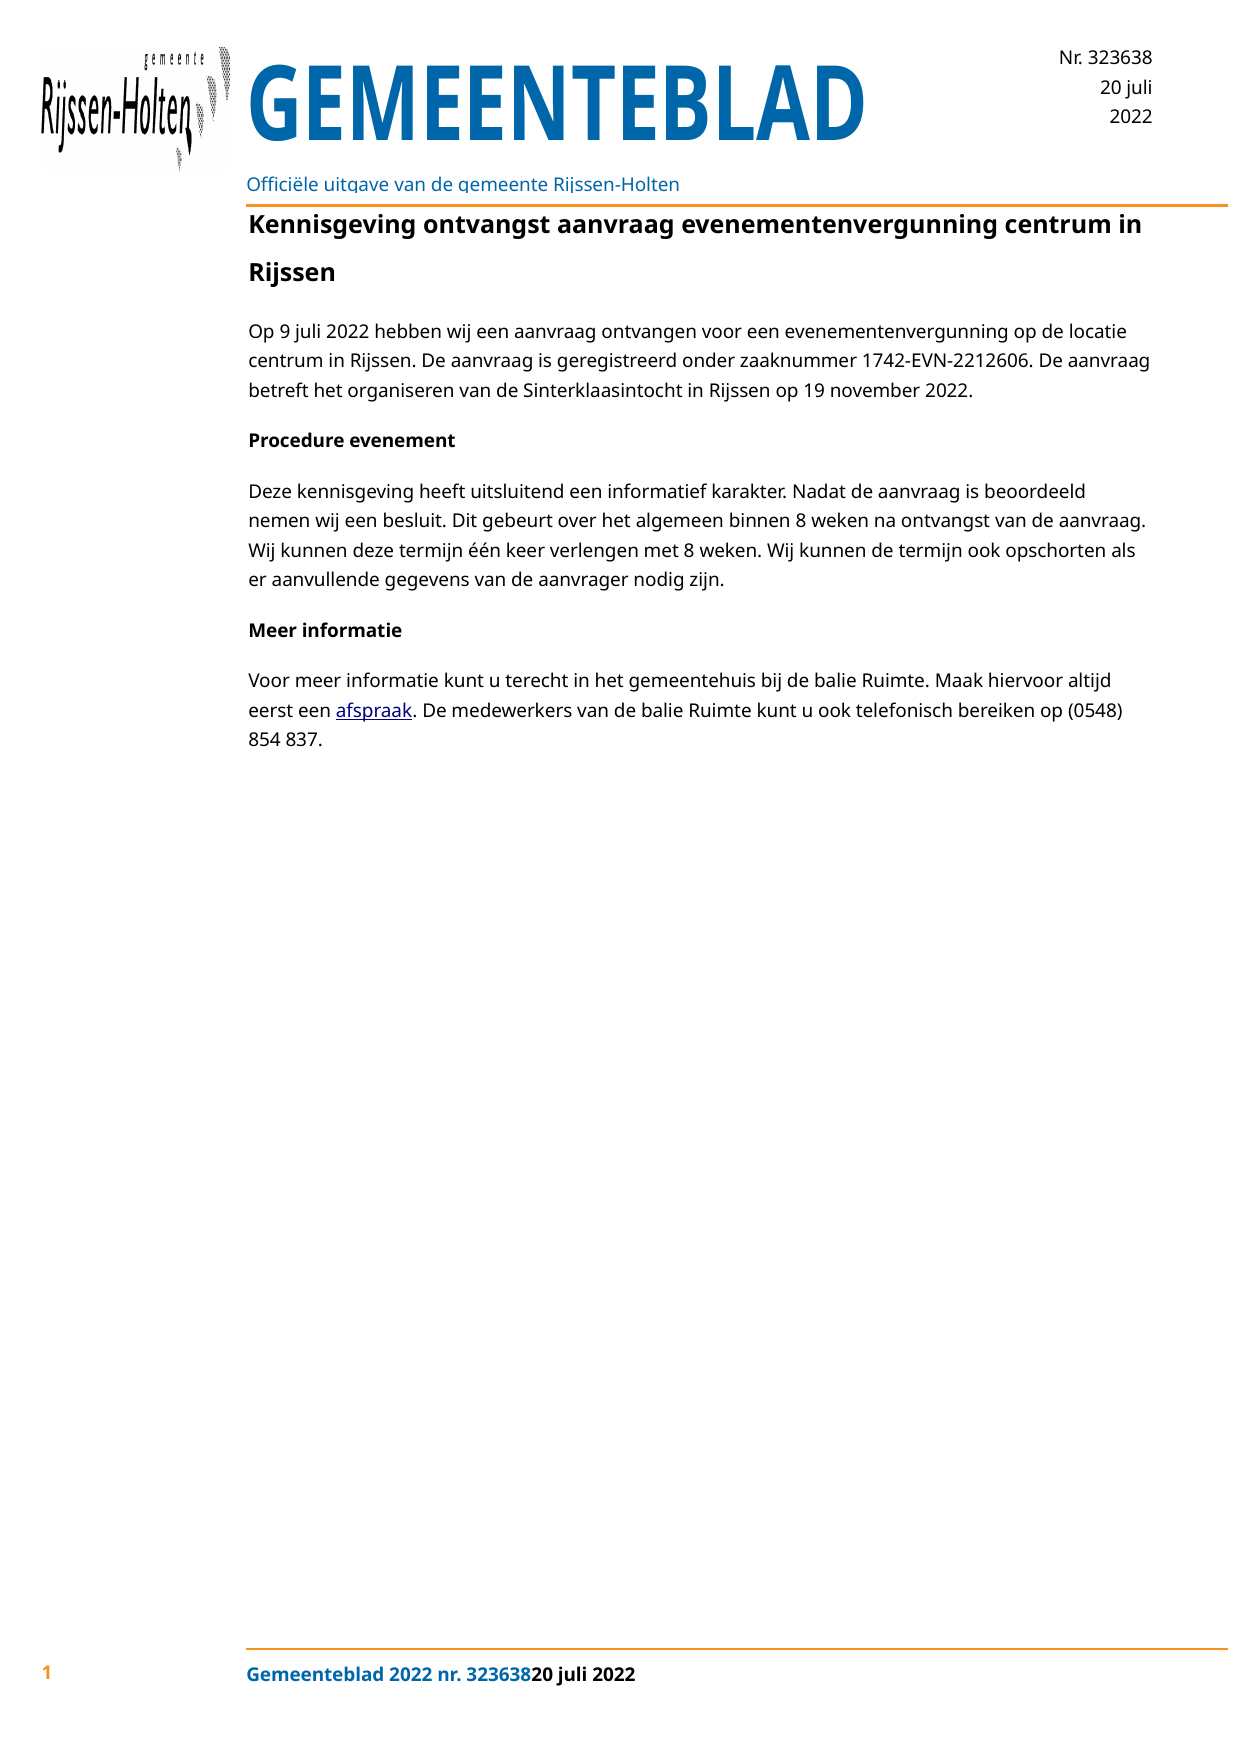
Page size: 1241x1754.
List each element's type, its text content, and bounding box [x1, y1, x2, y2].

picture [41, 47, 231, 172]
text Procedure evenement [248, 427, 1152, 453]
text Voor meer informatie kunt u terecht in het gemeentehuis bij de balie Ruimte. Maak hiervoor altijd eerst een afspraak. De medewerkers van de balie Ruimte kunt u ook telefonisch bereiken op (0548) 854 837. [248, 667, 1152, 752]
text Kennisgeving ontvangst aanvraag evenementenvergunning centrum in Rijssen [248, 207, 1152, 288]
text Meer informatie [248, 617, 1152, 643]
text Op 9 juli 2022 hebben wij een aanvraag ontvangen voor een evenementenvergunning op de locatie centrum in Rijssen. De aanvraag is geregistreerd onder zaaknummer 1742-EVN-2212606. De aanvraag betreft het organiseren van de Sinterklaasintocht in Rijssen op 19 november 2022. [248, 318, 1152, 403]
text Deze kennisgeving heeft uitsluitend een informatief karakter. Nadat de aanvraag is beoordeeld nemen wij een besluit. Dit gebeurt over het algemeen binnen 8 weken na ontvangst van de aanvraag. Wij kunnen deze termijn één keer verlengen met 8 weken. Wij kunnen de termijn ook opschorten als er aanvullende gegevens van de aanvrager nodig zijn. [248, 478, 1152, 592]
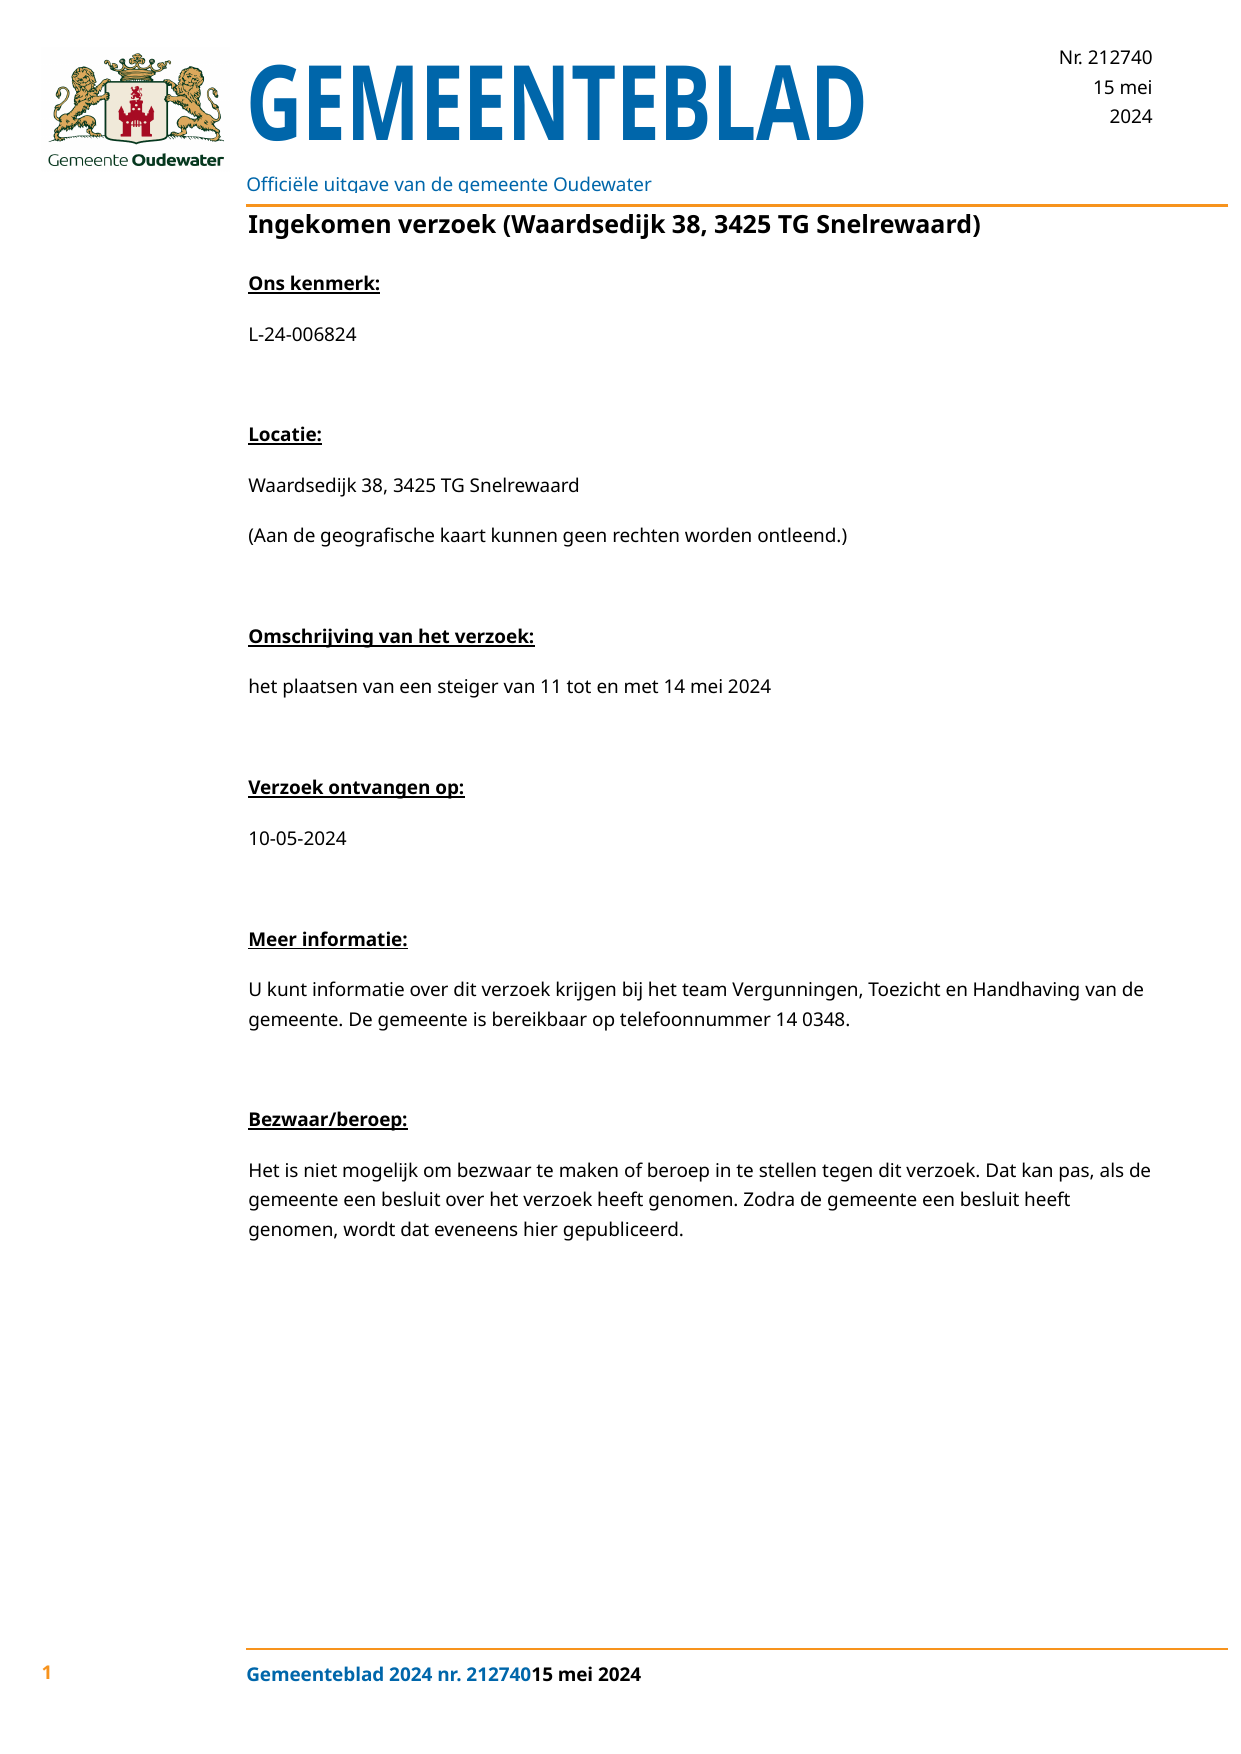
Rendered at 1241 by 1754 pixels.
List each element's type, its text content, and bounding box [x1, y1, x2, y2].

text Locatie: [248, 422, 1152, 447]
text Ingekomen verzoek (Waardsedijk 38, 3425 TG Snelrewaard) [248, 207, 1152, 241]
text Waardsedijk 38, 3425 TG Snelrewaard [248, 472, 1152, 498]
text Bezwaar/beroep: [248, 1107, 1152, 1132]
text Omschrijving van het verzoek: [248, 623, 1152, 649]
text Het is niet mogelijk om bezwaar te maken of beroep in te stellen tegen dit verzoek. Dat kan pas, als de gemeente een besluit over het verzoek heeft genomen. Zodra de gemeente een besluit heeft genomen, wordt dat eveneens hier gepubliceerd. [248, 1157, 1152, 1242]
text Ons kenmerk: [248, 270, 1152, 296]
text 10-05-2024 [248, 825, 1152, 851]
text Verzoek ontvangen op: [248, 774, 1152, 800]
text (Aan de geografische kaart kunnen geen rechten worden ontleend.) [248, 522, 1152, 548]
text U kunt informatie over dit verzoek krijgen bij het team Vergunningen, Toezicht en Handhaving van de gemeente. De gemeente is bereikbaar op telefoonnummer 14 0348. [248, 976, 1152, 1031]
picture [41, 47, 231, 172]
text het plaatsen van een steiger van 11 tot en met 14 mei 2024 [248, 674, 1152, 699]
text Meer informatie: [248, 926, 1152, 951]
text L-24-006824 [248, 321, 1152, 346]
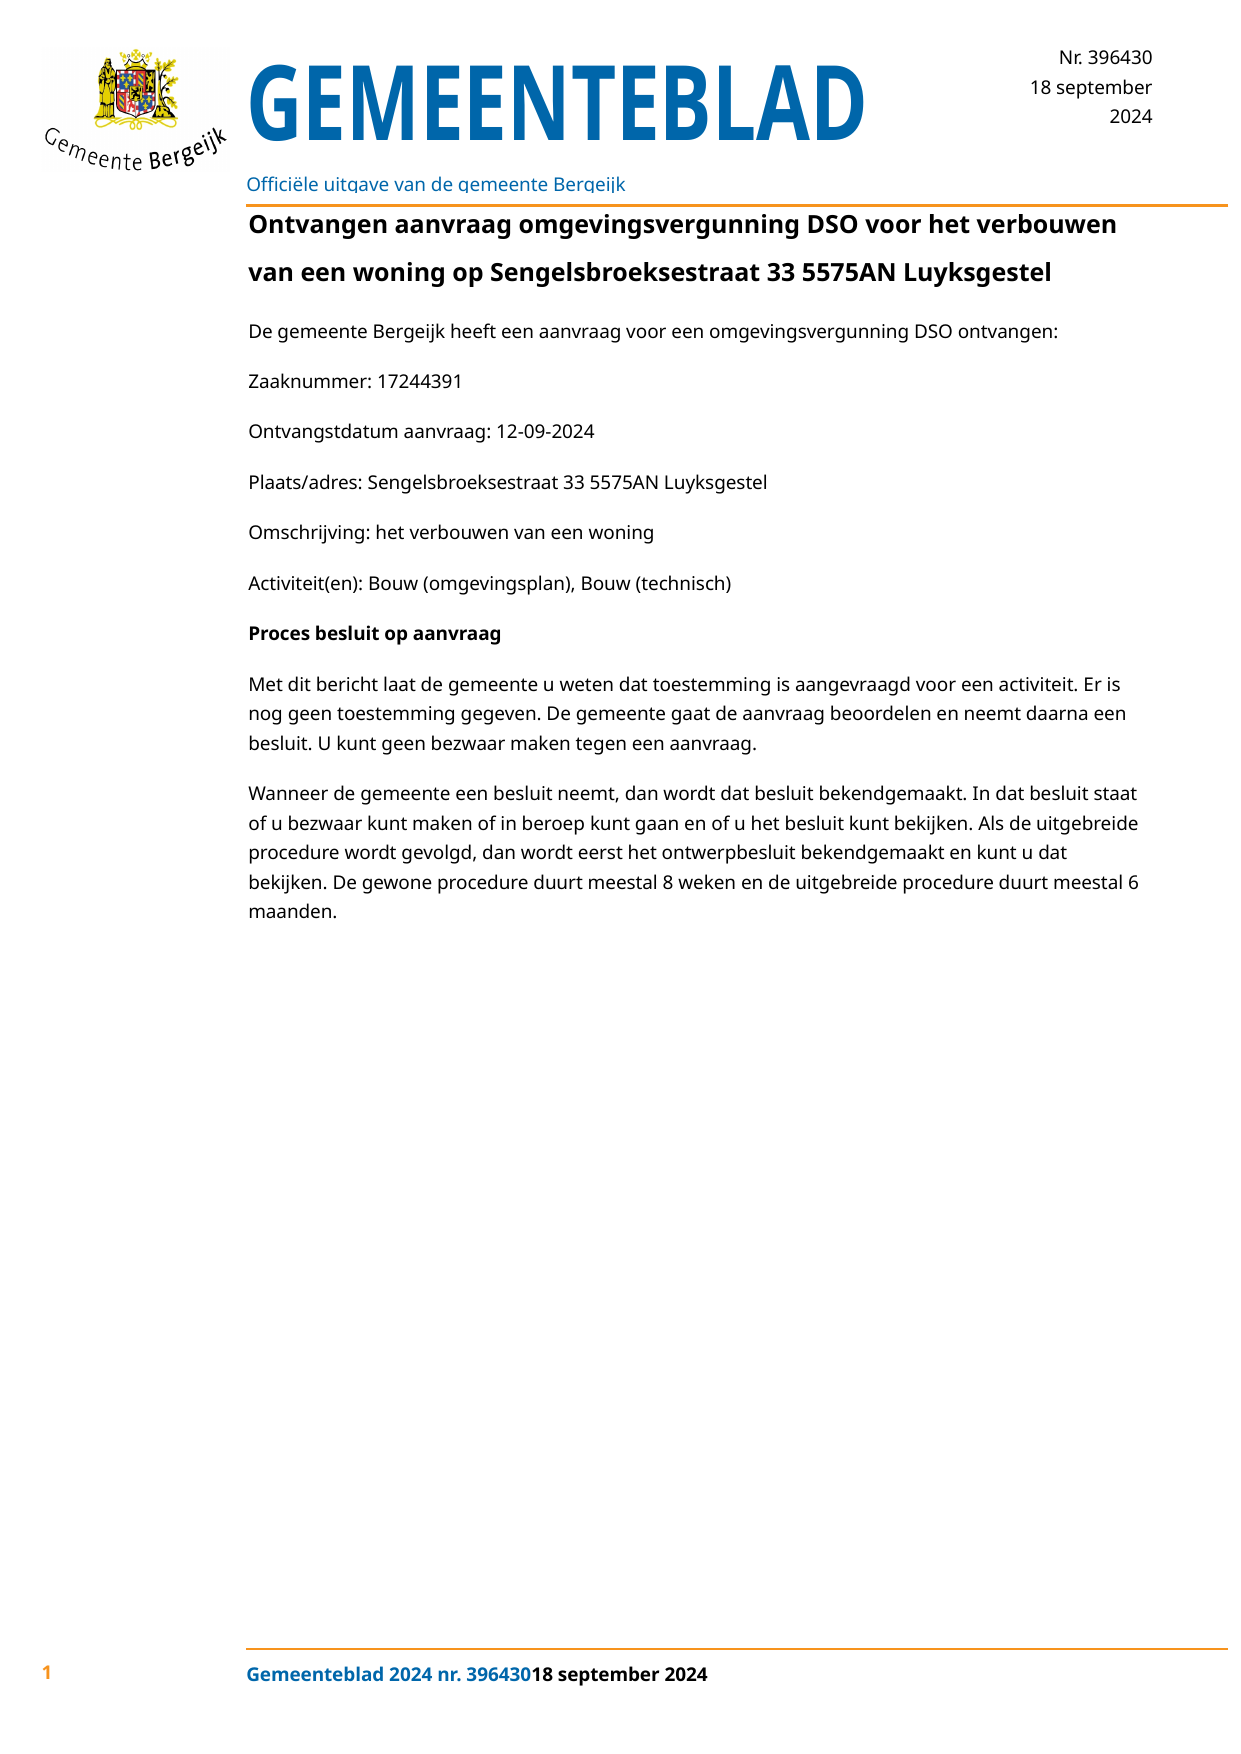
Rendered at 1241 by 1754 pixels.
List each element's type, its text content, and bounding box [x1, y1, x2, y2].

text Plaats/adres: Sengelsbroeksestraat 33 5575AN Luyksgestel [248, 469, 1152, 495]
text Proces besluit op aanvraag [248, 620, 1152, 646]
text Ontvangen aanvraag omgevingsvergunning DSO voor het verbouwen van een woning op Sengelsbroeksestraat 33 5575AN Luyksgestel [248, 207, 1152, 288]
text Met dit bericht laat de gemeente u weten dat toestemming is aangevraagd voor een activiteit. Er is nog geen toestemming gegeven. De gemeente gaat de aanvraag beoordelen en neemt daarna een besluit. U kunt geen bezwaar maken tegen een aanvraag. [248, 671, 1152, 756]
text Omschrijving: het verbouwen van een woning [248, 519, 1152, 545]
picture [41, 47, 231, 172]
text De gemeente Bergeijk heeft een aanvraag voor een omgevingsvergunning DSO ontvangen: [248, 318, 1152, 344]
text Zaaknummer: 17244391 [248, 368, 1152, 394]
text Activiteit(en): Bouw (omgevingsplan), Bouw (technisch) [248, 570, 1152, 596]
text Ontvangstdatum aanvraag: 12-09-2024 [248, 419, 1152, 444]
text Wanneer de gemeente een besluit neemt, dan wordt dat besluit bekendgemaakt. In dat besluit staat of u bezwaar kunt maken of in beroep kunt gaan en of u het besluit kunt bekijken. Als de uitgebreide procedure wordt gevolgd, dan wordt eerst het ontwerpbesluit bekendgemaakt en kunt u dat bekijken. De gewone procedure duurt meestal 8 weken en de uitgebreide procedure duurt meestal 6 maanden. [248, 780, 1152, 924]

What to produce:
Referring to the material above, set down exactly the lines between the line with "text Ontvangen aanvraag" and the line with "text Ontvangstdatum aanvraag: 12-09-2024", inclusive, and no other lines.

Solution to this exercise:
text Ontvangen aanvraag omgevingsvergunning DSO voor het verbouwen van een woning op Sengelsbroeksestraat 33 5575AN Luyksgestel [248, 207, 1152, 288]
text Met dit bericht laat de gemeente u weten dat toestemming is aangevraagd voor een activiteit. Er is nog geen toestemming gegeven. De gemeente gaat de aanvraag beoordelen en neemt daarna een besluit. U kunt geen bezwaar maken tegen een aanvraag. [248, 671, 1152, 756]
text Omschrijving: het verbouwen van een woning [248, 519, 1152, 545]
picture [41, 47, 231, 172]
text De gemeente Bergeijk heeft een aanvraag voor een omgevingsvergunning DSO ontvangen: [248, 318, 1152, 344]
text Zaaknummer: 17244391 [248, 368, 1152, 394]
text Activiteit(en): Bouw (omgevingsplan), Bouw (technisch) [248, 570, 1152, 596]
text Ontvangstdatum aanvraag: 12-09-2024 [248, 419, 1152, 444]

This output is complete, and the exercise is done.